- _WORK REQUIRED_
The required copy runs from the first line of the material through the line containing "Answer: no Which", exactly as written and without pictures.

- _TASK DATA_

.....

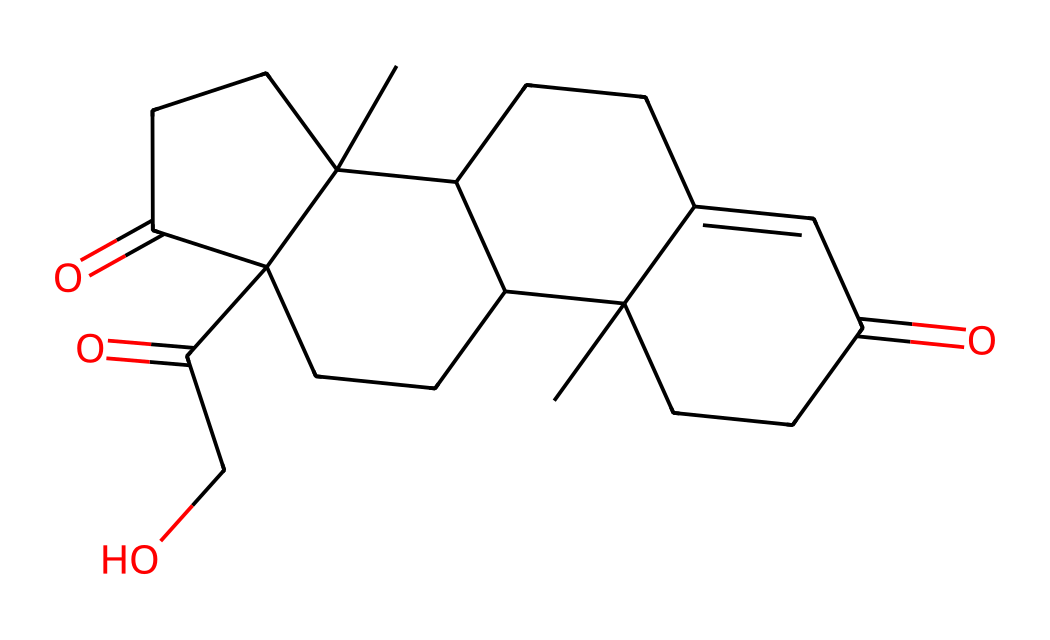What is the main functional group present in cortisol? The chemical structure shows a ketone group (indicated by C=O) and hydroxyl groups (indicated by -OH) within the molecule. The presence of carbonyl (C=O) and hydroxyl (-OH) functional groups is characteristic of steroids and indicates the role of cortisol as a hormone.
Answer: ketone How many rings are present in the cortisol structure? By examining the chemical structure, cortisol contains four fused cycloalkane rings, which is typical of steroid structures. Counting the rings visually reveals that there are four distinct connects and overlaps.
Answer: four What is the total number of carbon atoms in cortisol? Analyzing the SMILES representation, each 'C' indicates a carbon atom and we count a total of 21 'C's in the structure. Therefore, by counting each carbon in the molecular formula or visual analysis, we conclude.
Answer: twenty-one Does cortisol contain any nitrogen atoms? On inspection of the chemical structure and the SMILES representation, there are no nitrogen atoms present as there are no 'N' symbols displayed. This leads to the conclusion that cortisol is purely a steroid without amine groups.
Answer: no Which type of compound is cortisol categorized as? Cortisol is classified as a steroid due to its characteristic structure consisting of fused carbon rings and specific functional groups (ketones and hydroxyls). The molecular structure strongly indicates it belongs to this class of compounds, which is crucial in hormonal activities.
Answer: steroid What is the molecular weight of cortisol? To find the molecular weight, we can add the atomic weights of all the atoms present in the structure, with a calculated molecular weight yielding approximately 362.46 g/mol by considering the number of each type of atom stated in the chemical formula.
Answer: 362.46

.....

- _TASK OUTPUT_
What is the main functional group present in cortisol? The chemical structure shows a ketone group (indicated by C=O) and hydroxyl groups (indicated by -OH) within the molecule. The presence of carbonyl (C=O) and hydroxyl (-OH) functional groups is characteristic of steroids and indicates the role of cortisol as a hormone.
Answer: ketone How many rings are present in the cortisol structure? By examining the chemical structure, cortisol contains four fused cycloalkane rings, which is typical of steroid structures. Counting the rings visually reveals that there are four distinct connects and overlaps.
Answer: four What is the total number of carbon atoms in cortisol? Analyzing the SMILES representation, each 'C' indicates a carbon atom and we count a total of 21 'C's in the structure. Therefore, by counting each carbon in the molecular formula or visual analysis, we conclude.
Answer: twenty-one Does cortisol contain any nitrogen atoms? On inspection of the chemical structure and the SMILES representation, there are no nitrogen atoms present as there are no 'N' symbols displayed. This leads to the conclusion that cortisol is purely a steroid without amine groups.
Answer: no Which type of compound is cortisol categorized as? Cortisol is classified as a steroid due to its characteristic structure consisting of fused carbon rings and specific functional groups (ketones and hydroxyls). The molecular structure strongly indicates it belongs to this class of compounds, which is crucial in hormonal activities.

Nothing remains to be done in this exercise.